Notice that the second "call" to geteuid does not have parenthesis following the identifier. As such, it is treated as a function pointer and its value is compared against 0. This test always succeeds allowing a normal user of the system to have root access when this piece of code is triggered. Yes, this piece of code is in a real system that tens of thousands of users are probably still using.

Avoiding the goofs

Unfortunately, we do not have a silver bullet for guaranteeing that developers will not make some of the common mistakes that lead to very expensive defects.

There's no way to make code less complex or give them more time to develop it. However, there is technology that helps alleviate the problem of human frailties in the software development process. Research in static source code analysis has made tremendous strides in the past decade " gone are the false positive ridden days of Lint and other light weight code scanning tools.

All of the goofs listed in this paper are easily detected by state of the art static source code analysis technology.

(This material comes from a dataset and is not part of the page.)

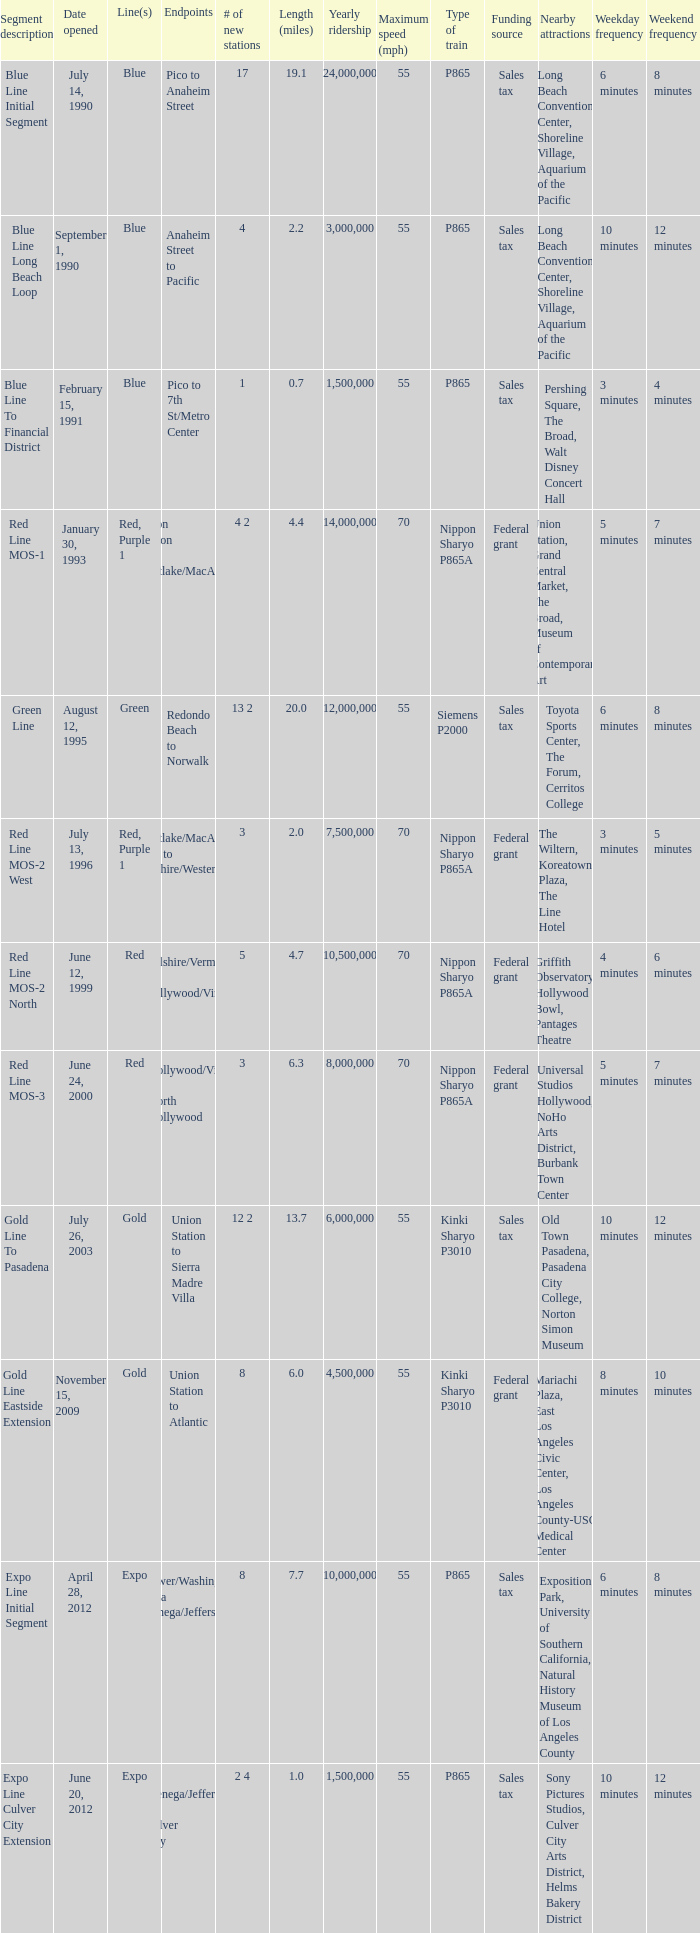How many news stations opened on the date of June 24, 2000? 3.0. Could you help me parse every detail presented in this table? {'header': ['Segment description', 'Date opened', 'Line(s)', 'Endpoints', '# of new stations', 'Length (miles)', 'Yearly ridership', 'Maximum speed (mph)', 'Type of train', 'Funding source', 'Nearby attractions', 'Weekday frequency', 'Weekend frequency'], 'rows': [['Blue Line Initial Segment', 'July 14, 1990', 'Blue', 'Pico to Anaheim Street', '17', '19.1', '24,000,000', '55', 'P865', 'Sales tax', 'Long Beach Convention Center, Shoreline Village, Aquarium of the Pacific', '6 minutes', '8 minutes'], ['Blue Line Long Beach Loop', 'September 1, 1990', 'Blue', 'Anaheim Street to Pacific', '4', '2.2', '3,000,000', '55', 'P865', 'Sales tax', 'Long Beach Convention Center, Shoreline Village, Aquarium of the Pacific', '10 minutes', '12 minutes'], ['Blue Line To Financial District', 'February 15, 1991', 'Blue', 'Pico to 7th St/Metro Center', '1', '0.7', '1,500,000', '55', 'P865', 'Sales tax', 'Pershing Square, The Broad, Walt Disney Concert Hall', '3 minutes', '4 minutes'], ['Red Line MOS-1', 'January 30, 1993', 'Red, Purple 1', 'Union Station to Westlake/MacArthur Park', '4 2', '4.4', '14,000,000', '70', 'Nippon Sharyo P865A', 'Federal grant', 'Union Station, Grand Central Market, The Broad, Museum of Contemporary Art', '5 minutes', '7 minutes'], ['Green Line', 'August 12, 1995', 'Green', 'Redondo Beach to Norwalk', '13 2', '20.0', '12,000,000', '55', 'Siemens P2000', 'Sales tax', 'Toyota Sports Center, The Forum, Cerritos College', '6 minutes', '8 minutes'], ['Red Line MOS-2 West', 'July 13, 1996', 'Red, Purple 1', 'Westlake/MacArthur Park to Wilshire/Western', '3', '2.0', '7,500,000', '70', 'Nippon Sharyo P865A', 'Federal grant', 'The Wiltern, Koreatown Plaza, The Line Hotel', '3 minutes', '5 minutes'], ['Red Line MOS-2 North', 'June 12, 1999', 'Red', 'Wilshire/Vermont to Hollywood/Vine', '5', '4.7', '10,500,000', '70', 'Nippon Sharyo P865A', 'Federal grant', 'Griffith Observatory, Hollywood Bowl, Pantages Theatre', '4 minutes', '6 minutes'], ['Red Line MOS-3', 'June 24, 2000', 'Red', 'Hollywood/Vine to North Hollywood', '3', '6.3', '8,000,000', '70', 'Nippon Sharyo P865A', 'Federal grant', 'Universal Studios Hollywood, NoHo Arts District, Burbank Town Center', '5 minutes', '7 minutes'], ['Gold Line To Pasadena', 'July 26, 2003', 'Gold', 'Union Station to Sierra Madre Villa', '12 2', '13.7', '6,000,000', '55', 'Kinki Sharyo P3010', 'Sales tax', 'Old Town Pasadena, Pasadena City College, Norton Simon Museum', '10 minutes', '12 minutes'], ['Gold Line Eastside Extension', 'November 15, 2009', 'Gold', 'Union Station to Atlantic', '8', '6.0', '4,500,000', '55', 'Kinki Sharyo P3010', 'Federal grant', 'Mariachi Plaza, East Los Angeles Civic Center, Los Angeles County-USC Medical Center', '8 minutes', '10 minutes'], ['Expo Line Initial Segment', 'April 28, 2012', 'Expo', 'Flower/Washington to La Cienega/Jefferson 3', '8', '7.7', '10,000,000', '55', 'P865', 'Sales tax', 'Exposition Park, University of Southern California, Natural History Museum of Los Angeles County', '6 minutes', '8 minutes'], ['Expo Line Culver City Extension', 'June 20, 2012', 'Expo', 'La Cienega/Jefferson to Culver City', '2 4', '1.0', '1,500,000', '55', 'P865', 'Sales tax', 'Sony Pictures Studios, Culver City Arts District, Helms Bakery District', '10 minutes', '12 minutes']]} 
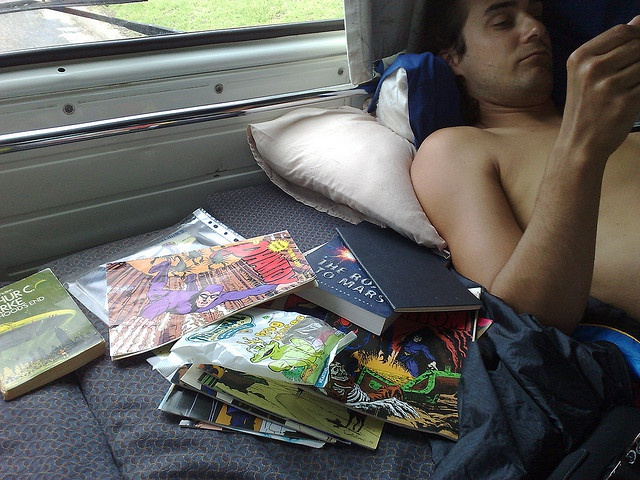Describe the objects in this image and their specific colors. I can see bed in lightgray, black, gray, and darkgray tones, people in lightgray, black, gray, and maroon tones, book in lightgray, black, white, darkgray, and gray tones, book in lightgray, darkgray, lightpink, and tan tones, and book in lightgray, darkgray, beige, and black tones in this image.

Compared with testing tools (e.g., purify), static source code analysis has the benefit of analyzing all of the paths through a given code base and is not tied to the particular test suite of the application. Compared with manual code audits or developer debugging, static source code analysis technology isn't hindered by the human frailties discussed previously.

There is no ignorance of the numerous interfaces in the code since it can analyze the whole program, keeping billions of contexts in memory simultaneously. Also, static source code analysis never suffers from stress or boredom or typos. Computers are very good at performing the same operation thousands of times in a row without variance. If you want to avoid the most common development goofs, augment your development process to include the latest technology to help find defects earlier in the lifecycle.